■ What to work on: Transcribe, exactly and in full, every line from the one including "outline: (-8, 3)" to the end of the listing.

(Records shown begins)

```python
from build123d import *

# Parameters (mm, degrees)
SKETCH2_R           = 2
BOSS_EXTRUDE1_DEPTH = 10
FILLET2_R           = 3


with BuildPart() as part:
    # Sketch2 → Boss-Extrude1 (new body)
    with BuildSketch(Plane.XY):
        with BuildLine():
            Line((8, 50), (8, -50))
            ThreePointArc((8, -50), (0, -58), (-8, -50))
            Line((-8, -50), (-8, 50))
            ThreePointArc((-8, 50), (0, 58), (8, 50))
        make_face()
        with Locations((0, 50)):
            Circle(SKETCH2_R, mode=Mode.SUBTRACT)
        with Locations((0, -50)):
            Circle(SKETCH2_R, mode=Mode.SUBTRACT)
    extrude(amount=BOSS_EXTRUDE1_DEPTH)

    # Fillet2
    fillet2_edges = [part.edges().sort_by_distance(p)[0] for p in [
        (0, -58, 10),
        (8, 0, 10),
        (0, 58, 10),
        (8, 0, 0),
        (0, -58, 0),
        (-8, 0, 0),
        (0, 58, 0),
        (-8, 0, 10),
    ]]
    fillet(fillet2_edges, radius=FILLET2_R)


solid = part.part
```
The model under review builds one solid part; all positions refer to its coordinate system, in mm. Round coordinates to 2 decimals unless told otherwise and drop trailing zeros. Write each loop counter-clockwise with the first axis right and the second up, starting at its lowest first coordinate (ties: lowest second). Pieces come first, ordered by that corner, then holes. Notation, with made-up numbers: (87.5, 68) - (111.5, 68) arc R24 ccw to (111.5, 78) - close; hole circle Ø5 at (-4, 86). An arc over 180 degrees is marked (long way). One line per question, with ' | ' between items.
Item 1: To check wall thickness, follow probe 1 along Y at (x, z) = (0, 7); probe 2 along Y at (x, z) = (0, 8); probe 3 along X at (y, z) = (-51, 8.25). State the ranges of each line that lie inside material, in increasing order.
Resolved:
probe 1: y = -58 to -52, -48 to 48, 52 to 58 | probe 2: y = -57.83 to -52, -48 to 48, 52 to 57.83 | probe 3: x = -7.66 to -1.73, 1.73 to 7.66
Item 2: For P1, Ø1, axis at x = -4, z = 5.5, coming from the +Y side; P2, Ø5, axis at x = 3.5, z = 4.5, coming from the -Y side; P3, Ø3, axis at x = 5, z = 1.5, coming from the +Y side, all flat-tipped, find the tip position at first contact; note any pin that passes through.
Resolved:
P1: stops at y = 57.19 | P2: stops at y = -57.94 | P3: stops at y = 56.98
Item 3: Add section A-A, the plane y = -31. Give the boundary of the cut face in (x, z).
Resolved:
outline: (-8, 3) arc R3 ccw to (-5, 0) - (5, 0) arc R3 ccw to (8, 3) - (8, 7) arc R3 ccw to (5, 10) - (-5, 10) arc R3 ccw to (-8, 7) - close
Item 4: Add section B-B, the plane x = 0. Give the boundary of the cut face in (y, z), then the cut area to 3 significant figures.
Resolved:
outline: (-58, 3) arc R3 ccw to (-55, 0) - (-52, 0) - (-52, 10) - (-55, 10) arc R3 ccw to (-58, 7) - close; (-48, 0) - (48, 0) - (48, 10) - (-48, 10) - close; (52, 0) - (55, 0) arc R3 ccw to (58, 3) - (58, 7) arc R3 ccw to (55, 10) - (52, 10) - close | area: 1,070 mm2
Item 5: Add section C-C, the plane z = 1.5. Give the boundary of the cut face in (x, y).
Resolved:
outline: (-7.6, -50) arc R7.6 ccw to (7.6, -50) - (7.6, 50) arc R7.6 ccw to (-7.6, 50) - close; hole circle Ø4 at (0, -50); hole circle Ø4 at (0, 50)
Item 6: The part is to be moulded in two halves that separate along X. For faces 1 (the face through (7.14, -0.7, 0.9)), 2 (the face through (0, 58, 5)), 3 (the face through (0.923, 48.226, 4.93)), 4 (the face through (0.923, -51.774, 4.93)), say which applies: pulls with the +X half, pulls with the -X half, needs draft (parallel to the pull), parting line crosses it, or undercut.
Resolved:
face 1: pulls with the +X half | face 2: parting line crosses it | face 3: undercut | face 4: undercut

(Records shown ends)

■ Written solution:
outline: (-8, 3) arc R3 ccw to (-5, 0) - (5, 0) arc R3 ccw to (8, 3) - (8, 7) arc R3 ccw to (5, 10) - (-5, 10) arc R3 ccw to (-8, 7) - close
Item 4: Add section B-B, the plane x = 0. Give the boundary of the cut face in (y, z), then the cut area to 3 significant figures.
Resolved:
outline: (-58, 3) arc R3 ccw to (-55, 0) - (-52, 0) - (-52, 10) - (-55, 10) arc R3 ccw to (-58, 7) - close; (-48, 0) - (48, 0) - (48, 10) - (-48, 10) - close; (52, 0) - (55, 0) arc R3 ccw to (58, 3) - (58, 7) arc R3 ccw to (55, 10) - (52, 10) - close | area: 1,070 mm2
Item 5: Add section C-C, the plane z = 1.5. Give the boundary of the cut face in (x, y).
Resolved:
outline: (-7.6, -50) arc R7.6 ccw to (7.6, -50) - (7.6, 50) arc R7.6 ccw to (-7.6, 50) - close; hole circle Ø4 at (0, -50); hole circle Ø4 at (0, 50)
Item 6: The part is to be moulded in two halves that separate along X. For faces 1 (the face through (7.14, -0.7, 0.9)), 2 (the face through (0, 58, 5)), 3 (the face through (0.923, 48.226, 4.93)), 4 (the face through (0.923, -51.774, 4.93)), say which applies: pulls with the +X half, pulls with the -X half, needs draft (parallel to the pull), parting line crosses it, or undercut.
Resolved:
face 1: pulls with the +X half | face 2: parting line crosses it | face 3: undercut | face 4: undercut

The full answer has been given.